Unfortunately it happens to be a relatively common issue in this day and age.
While there are ways to cope with anxiety, which you can learn if you have access to therapy or decent mental healthcare resources, often the most important and influential factor in managing it healthily is having a great support network.
So here are 5 things to remember if you are one of the many who love someone with anxiety.
It isn't just a mental issue.
The behavioral symptoms of anxiety are fairly tell-tale and can be spotted relatively easily.
People can start speaking very fast, drawing shorter breaths, and tapping feet, fingers, or pacing the room.
A sudden bout of anxiety can bring on physical symptoms as well though, and these can be a little less obvious.
So be on the lookout for chronic "lightning" or momentary headaches, nausea or the feeling of a shaky stomach, or an uncomfortable rise in body temperature and uncontrollable flushing of the face.
If your loved one exhibits these signs, there's a good chance you may need to help calm them before they're in danger of having an anxiety attack.
Anxiety often turns out to be a package deal.
According to The Anxiety and Depression Association of America, approximately half of people with an anxiety disorder also suffer from depression.
The two conditions can throw the sufferer into an exhausting cycle of high strung, fear-driven thinking and behavior followed by a plummet into despair and apathy.
Coping with this cycle can be overwhelming and your partner will need your support and your calm clarity while they're caught in this mental tug of war.
They need time to themselves.
Social situations take a great deal of effort for people with anxiety. Generally, the larger the crowd the more tiring and daunting the function.
Most people still crave social interaction when they're feeling up to it, but they very much need their down time to rest and restore that energy and calm their mind.
As a partner, don't take it personally when they just can't bring themselves to come out with you.

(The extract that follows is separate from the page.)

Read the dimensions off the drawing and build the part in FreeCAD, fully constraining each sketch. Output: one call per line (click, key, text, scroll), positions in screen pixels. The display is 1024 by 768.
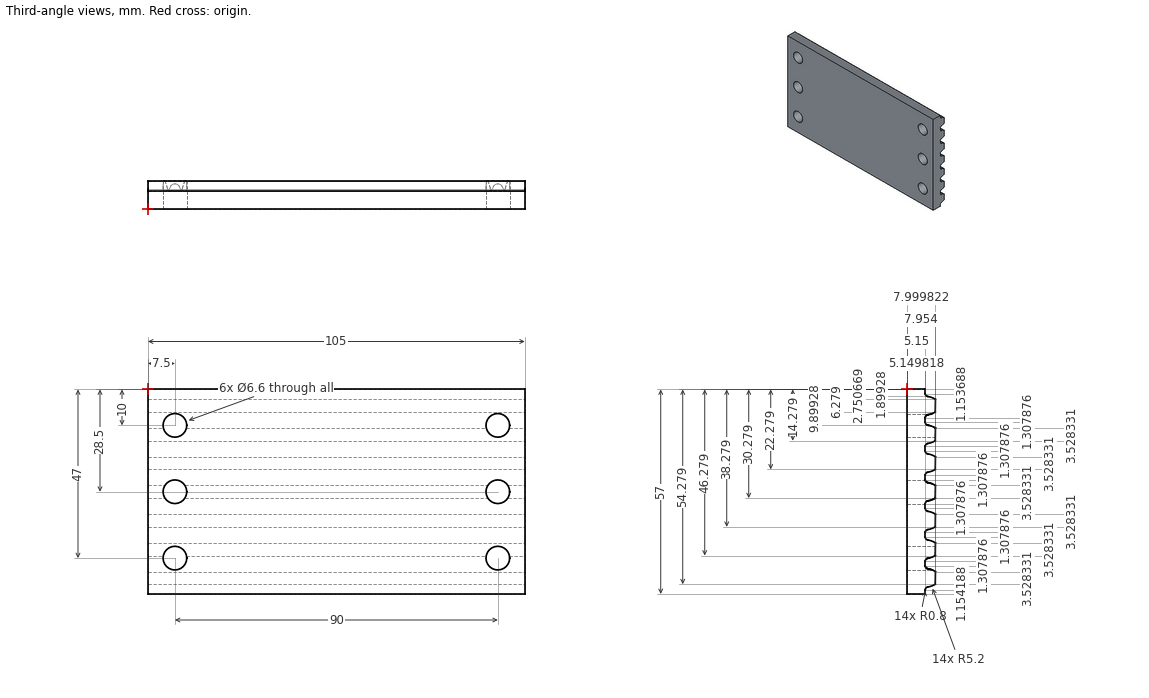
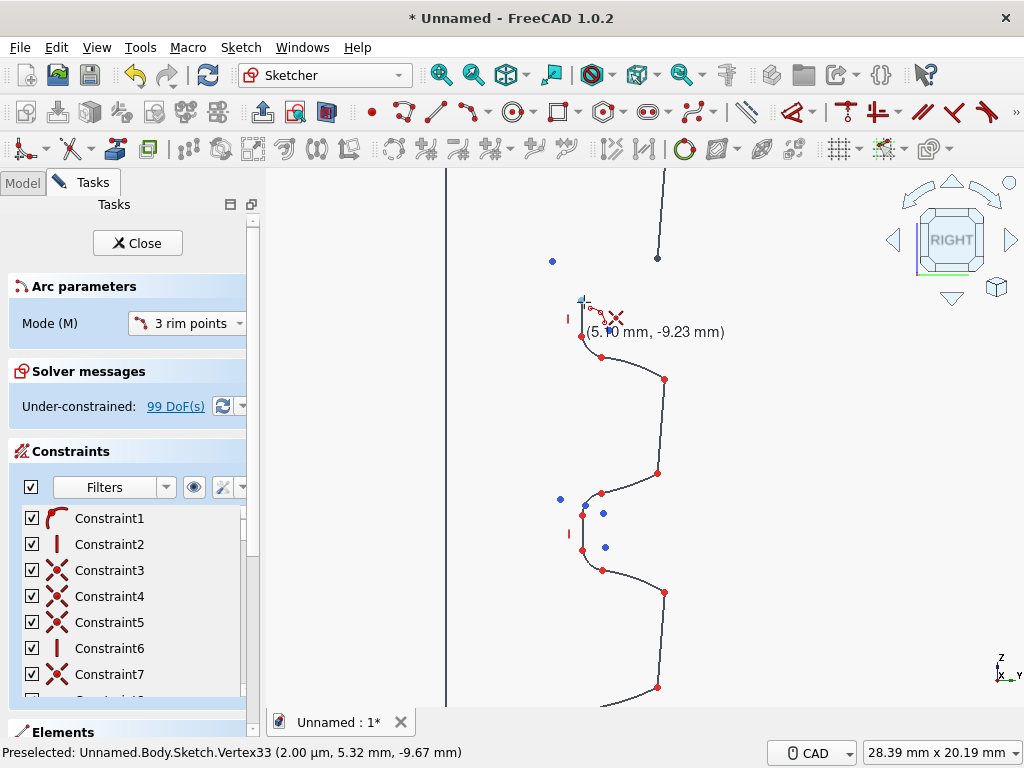
click(582, 301)
click(602, 279)

Let them take a step back and get their head together, they will let you know when they're ready to hit the town again.
People with anxiety are perfectly capable of being wonderful, loving partners.

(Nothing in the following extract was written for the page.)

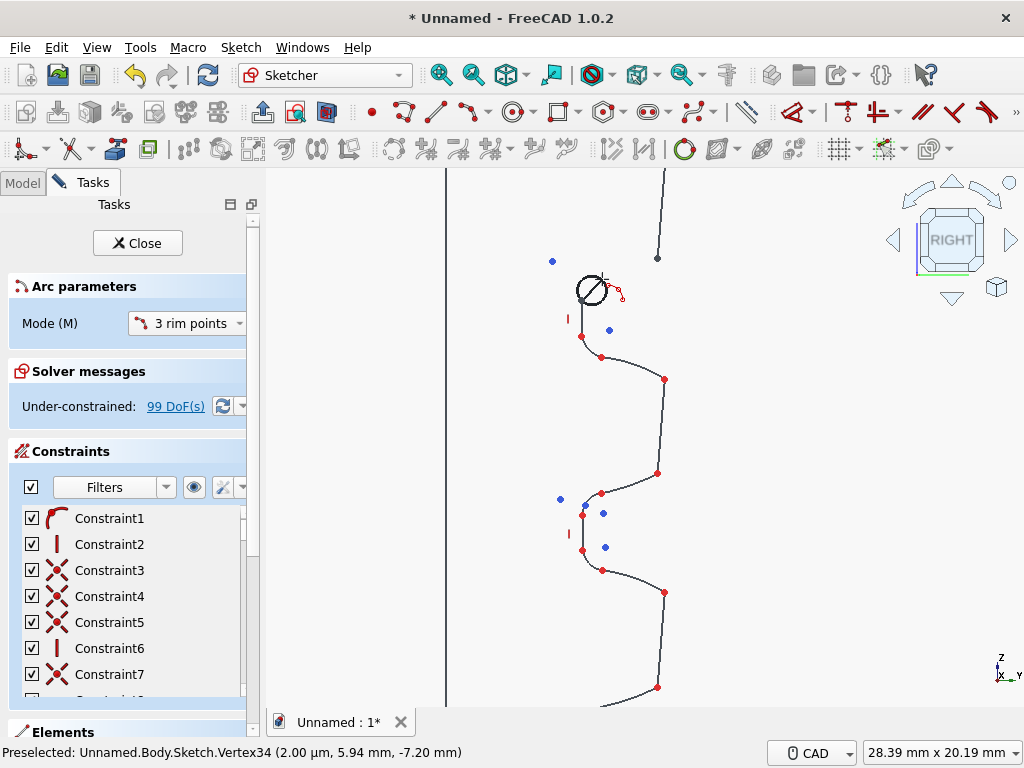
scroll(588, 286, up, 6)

Despite the science of Psychology progressing leaps and bounds over the last few decades especially, mental illness and disorders still have quite the stigma attached, but don't be influenced by these ignorant, baseless ideas; people with mental health issues can be warm, supportive, caring and dedicated partners.
One could even argue that their own experiences and struggles have taught them to be particularly attuned and empathetic to loved ones' feelings and needs.
Anxiety is not a ploy for attention.
One of the prevalent stigmas of mental illness is that the real cause of it all is a need for attention, but this couldn't be a more ludicrous concept.
Anxiety is not fun, mild or easy to just play at. A little patience and understanding can go a very long way.
It is a serious condition that affects every single aspect of your life and turns what should be normal daily requirements and tasks into battles.
It can be draining at times, but it's important for you to know that however frustrated you may be by your partner's anxiety, they are doubly so.